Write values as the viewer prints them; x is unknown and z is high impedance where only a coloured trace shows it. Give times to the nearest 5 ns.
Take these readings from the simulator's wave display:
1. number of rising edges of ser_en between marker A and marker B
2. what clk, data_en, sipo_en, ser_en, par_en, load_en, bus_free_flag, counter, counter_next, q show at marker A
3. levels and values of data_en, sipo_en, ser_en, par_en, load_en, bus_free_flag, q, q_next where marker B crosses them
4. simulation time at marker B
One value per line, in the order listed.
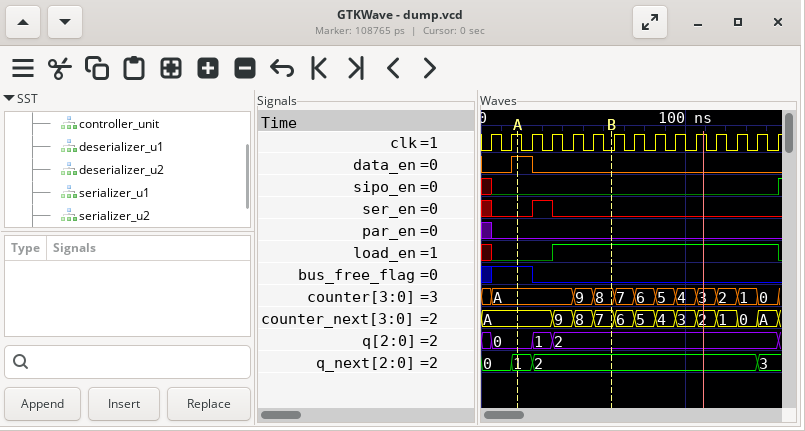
1
clk=1, data_en=1, sipo_en=0, ser_en=0, par_en=0, load_en=0, bus_free_flag=1, counter=A, counter_next=A, q=0
data_en=0, sipo_en=0, ser_en=0, par_en=0, load_en=1, bus_free_flag=0, q=2, q_next=2
65 ns
+ + + + + + +
## Task goal
Leave out each picture and extract the lines from the one containing "4. simulation time at marker B" through the end of the records above, inclusive, exactly as they stand.

## Exercise response
4. simulation time at marker B
One value per line, in the order listed.
1
clk=1, data_en=1, sipo_en=0, ser_en=0, par_en=0, load_en=0, bus_free_flag=1, counter=A, counter_next=A, q=0
data_en=0, sipo_en=0, ser_en=0, par_en=0, load_en=1, bus_free_flag=0, q=2, q_next=2
65 ns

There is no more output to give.